Personal information
- Born: 7 January 1898 Stockholm, Sweden
- Died: 27 October 1969 (aged 71) Stockholm, Sweden
- Height: 1.82 m (6 ft 0 in)
- Weight: 71 kg (157 lb)

Sport
- Sport: Athletics
- Events: 110, 400 m hurdles, sprint, triple jump, decathlon
- Club: Kronobergs IK, Stockholm

Achievements and titles
- Personal bests: 110 mH – 14.9 (1926) 400 mH – 54.9 (1922) 200 m – 22.3 (1921) TJ – 13.60 m (1918) Dec – 7072 (1919)

= Carl-Axel Christiernsson =

Swedish hurdler

Carl-Axel "Cacka" Christiernsson (7 January 1898 – 27 October 1969) was a Swedish hurdler who competed at the 1920 and 1924 Summer Olympics.

== Career ==
At the Olympic Games in 1920, he finished fifth in the 400 m and sixth in the 110 m event. Four years later he placed fourth in the 110 m final at the 1924 Olympic Games.

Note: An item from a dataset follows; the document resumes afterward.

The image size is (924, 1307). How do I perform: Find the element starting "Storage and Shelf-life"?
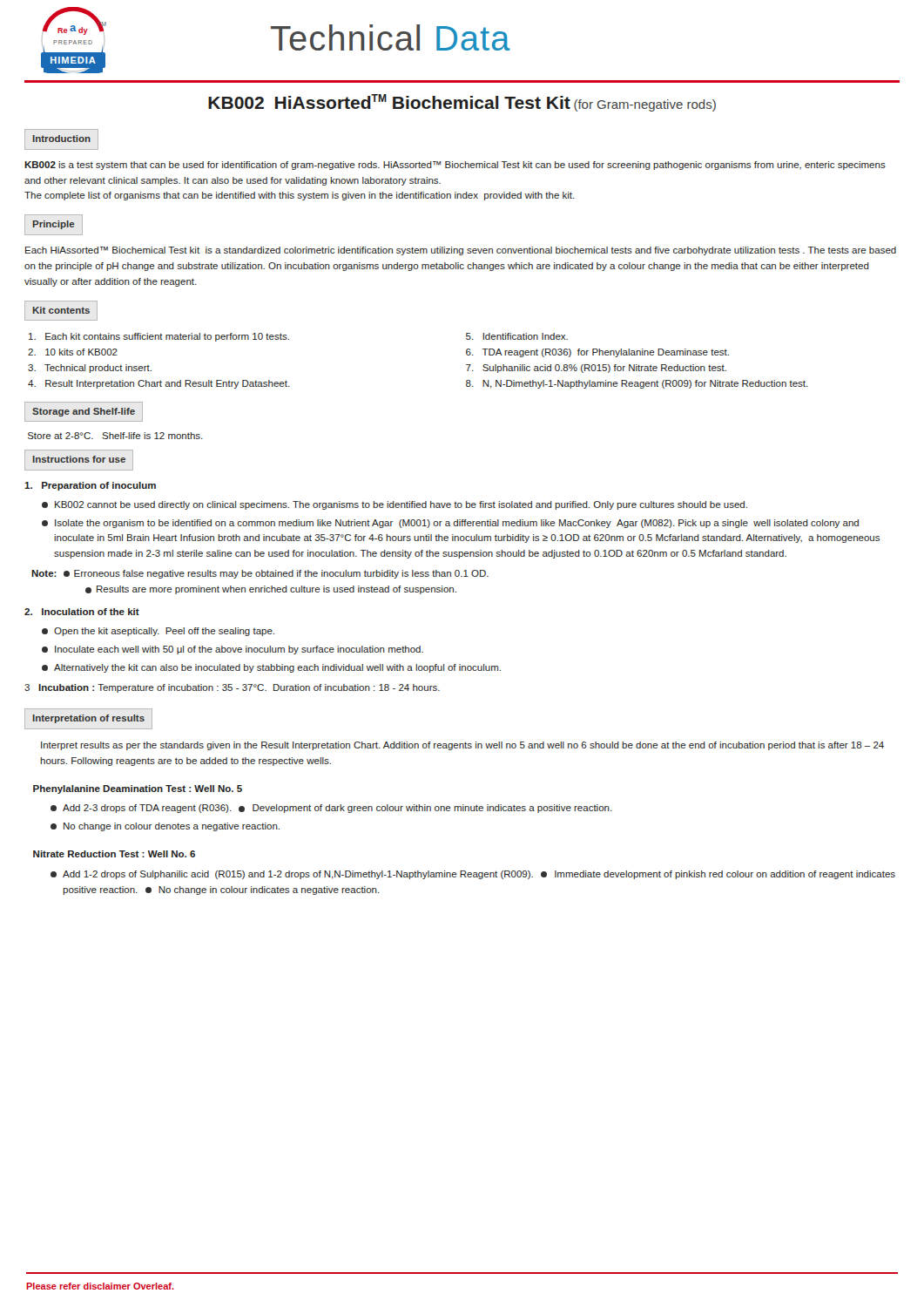coord(84,412)

Nationally, Christiernsson won the Swedish hurdles titles over 110 metres in 1920–22 and over 400 metres in 1920–22 and 1924. He also won the English AAA title in the 440 yards hurdles at the 1921 AAA Championships and finished second behind Henri Bernard in the 120 yards hurdles event at the same championships.

From 1922 to 1926, he occasionally competed in the United States and set American indoor hurdles records over 60, 80, and 100 yards.